The day my water broke- I was home alone sitting at the computer just playing games and then suddenly I felt like I was on my menstrual cycle again and I knew that wasn’t right so I when to the bathroom and saw that the moister coming from me was clear and I knew it was my water. To check I called my aunt who is a labor and delivery nurse and told me what happened and she told me that I was correct and I needed to get the hospital and I told her that I was home alone with no car and she said that she would come and get me but she lives and hour away. So I told her not to worry about it because I could call my brothers, she told me that she would come anyway. But before I called my brothers I called Shaun to tell him that the baby was coming but he was in a concert singing but I called multiple times as soon as he got the message he left the concert and got Lanette and grabbed what they needed. But I got hold of my brothers and they all came home about the same time but my parents were still away and they didn’t have a cellphone to get hold of them on. When my older brother and I were on the way out of the door to go to the hospital my parents showed up and wonder what was going on. With a quick rundown of what just happened my parents quickly told me to grab what they thought I needed and then out the door we went to the hospital.

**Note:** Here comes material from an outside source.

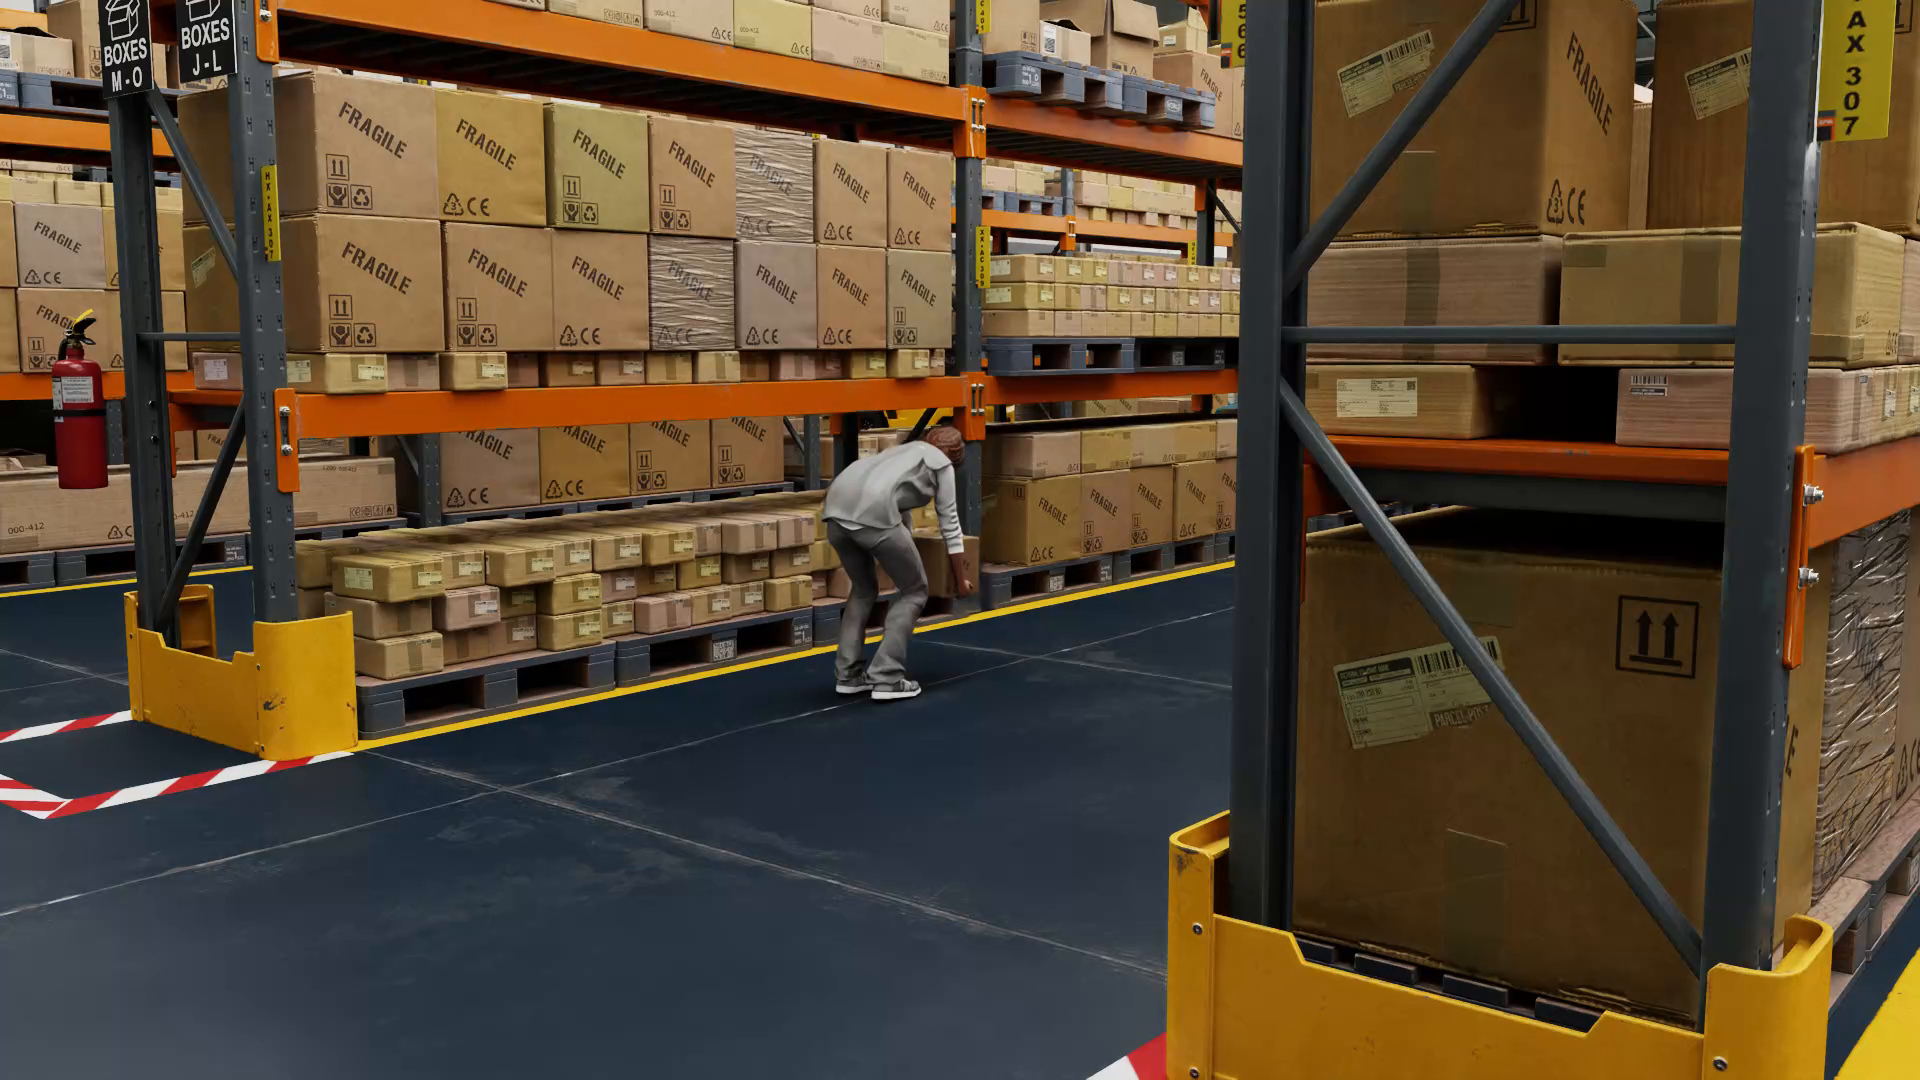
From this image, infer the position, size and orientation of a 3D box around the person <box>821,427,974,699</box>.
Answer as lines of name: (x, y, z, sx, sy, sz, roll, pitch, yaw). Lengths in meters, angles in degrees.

Once we got to the hospital around 9:30 ish at night probably closer to 10 but we got there and signed papers saying that I was being emitted into the hospital to deliver the baby. I made sure that I went to the bathroom before they did anything to me; after I was done I changed into the hospital gown and laid there in the bed until my aunt, Shaun and Lanette showed up. The birth father was out of state for his brother to graduate from the marines so he wasn’t there and I had no way of getting hold of him. As I was lying in the bed I wanted to see how long I could last before I needed the epidural but they told me that I would have to have to put Pitocin in me to make my contractions harder. After I knew that I wanted the epidural before the Pitocin. Just to let you know the epidural is not that bad I am even afraid of needles and I didn’t really feel a thing. But anyway when I had the epidural in I searched for the birth fathers hotel to tell him that my water broke and I was going into labor. I found the hotel but I couldn’t find the phone number so Shaun finished it for me and got him on the phone for me so I could talk to him. With a long discussion the birth father got on an airplane to get to the hospital to be there for me even if he wasn’t going to be there when the baby was born. Knowing that he was on his way I could start relaxing before I had to start pushing the baby out.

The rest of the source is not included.